I have been informed that the Army Reserve website on the official Army site should be up and running early next week.


----------



## girlfiredup (16 Apr 2004)

Yahooo!  It‘s about time.


----------



## Da_man (16 Apr 2004)

i thought it wouldnt come back!


----------



## Infanteer (16 Apr 2004)

Probably makes my job alot easier now.


----------



## Yes Man (16 Apr 2004)

So the site come up after I signed up.


----------



## kbowes (23 Apr 2004)

No sign of it yet. Any word?


----------



## AlphaCharlie (23 Apr 2004)

I hope it‘s all fancy and done in Flash like the normal army site.


----------



## Bzzliteyr (23 Apr 2004)

Rumour has it that it will only be accessible on weekends and during the summer, but don‘t ask it to work too hard or it will quit on you!! haha, just kidding.. I hope it has links to all the unit sites...

Bzz


----------



## xFusilier (23 Apr 2004)

Oooo.....oooh...from a guy with a 12RBC capbadge...that... doesn‘t.... really smart at all


----------



## leopard11 (23 Apr 2004)

lol, i remember it said last year to "check back in the summer" , i hope its true and it finally is back and it better be good, only took like a year to make it


----------



## Bill Smy (23 Apr 2004)

> Originally posted by NMPeters:
> [qb] I have been informed that the Army Reserve website on the official Army site should be up and running early next week. [/qb]

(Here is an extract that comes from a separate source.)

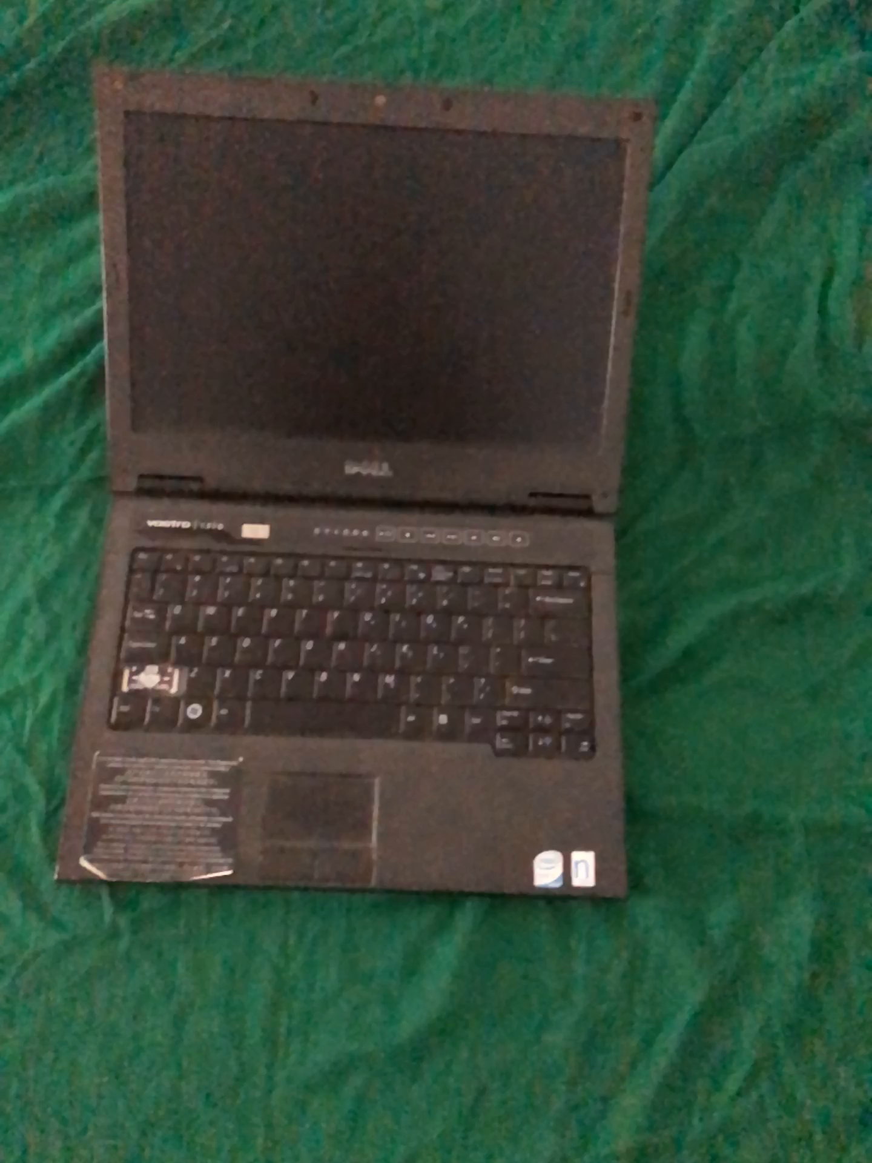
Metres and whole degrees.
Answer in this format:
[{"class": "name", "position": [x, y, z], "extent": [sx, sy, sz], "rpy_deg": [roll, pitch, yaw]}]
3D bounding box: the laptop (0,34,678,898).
[{"class": "laptop", "position": [-0.041, -0.061, 0.531], "extent": [0.313, 0.127, 0.439], "rpy_deg": [3, 76, 0]}]

I hope it will use the official badge of the Canadian Army, and not the logo it used previously.


----------



## Jarnhamar (23 Apr 2004)

It might be a worth while project to have brigade training ex‘s posted (where and when) as well as what courses will be comming up in the near future.
I havent been to the site myself so im not sure exactly what they have yet though.


----------



## Northern Touch (24 Apr 2004)

Still no sign of it.  =(


----------



## Bill Smy (6 May 2004)

> Originally posted by NMPeters:
> [qb] I have been informed that the Army Reserve website on the official Army site should be up and running early next week. [/qb]


That message was posted on 16 April. The website is still not up.    

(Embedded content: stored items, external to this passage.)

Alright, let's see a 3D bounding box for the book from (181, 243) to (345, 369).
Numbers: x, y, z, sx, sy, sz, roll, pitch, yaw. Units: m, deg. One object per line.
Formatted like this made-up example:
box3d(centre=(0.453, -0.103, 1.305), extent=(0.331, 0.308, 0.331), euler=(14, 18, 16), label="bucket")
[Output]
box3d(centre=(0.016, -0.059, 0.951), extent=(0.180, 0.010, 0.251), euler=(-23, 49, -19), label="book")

As I stated in an earlier post, I hope they use the offical badge of the Cdn Army, not the logo. If they do, I suspect an anti-monarchist movement.   :mg:  Perhaps we should get the Monarchist League of Canada to swamp the Minister‘s office with mail.


----------



## Kirkhill (6 May 2004)

Great idea Bill.


----------



## NMPeters (7 May 2004)

There‘s been a glitch. The officer working on the site has become critically ill. I‘ve been told that someone else is now working on it, but we have to take the learning curve into account and expect a few more delays. It shouldn‘t be too much longer.


----------



## AlphaCharlie (7 May 2004)

I hope the other guy is ok.

"critically ill" sounds bad..


----------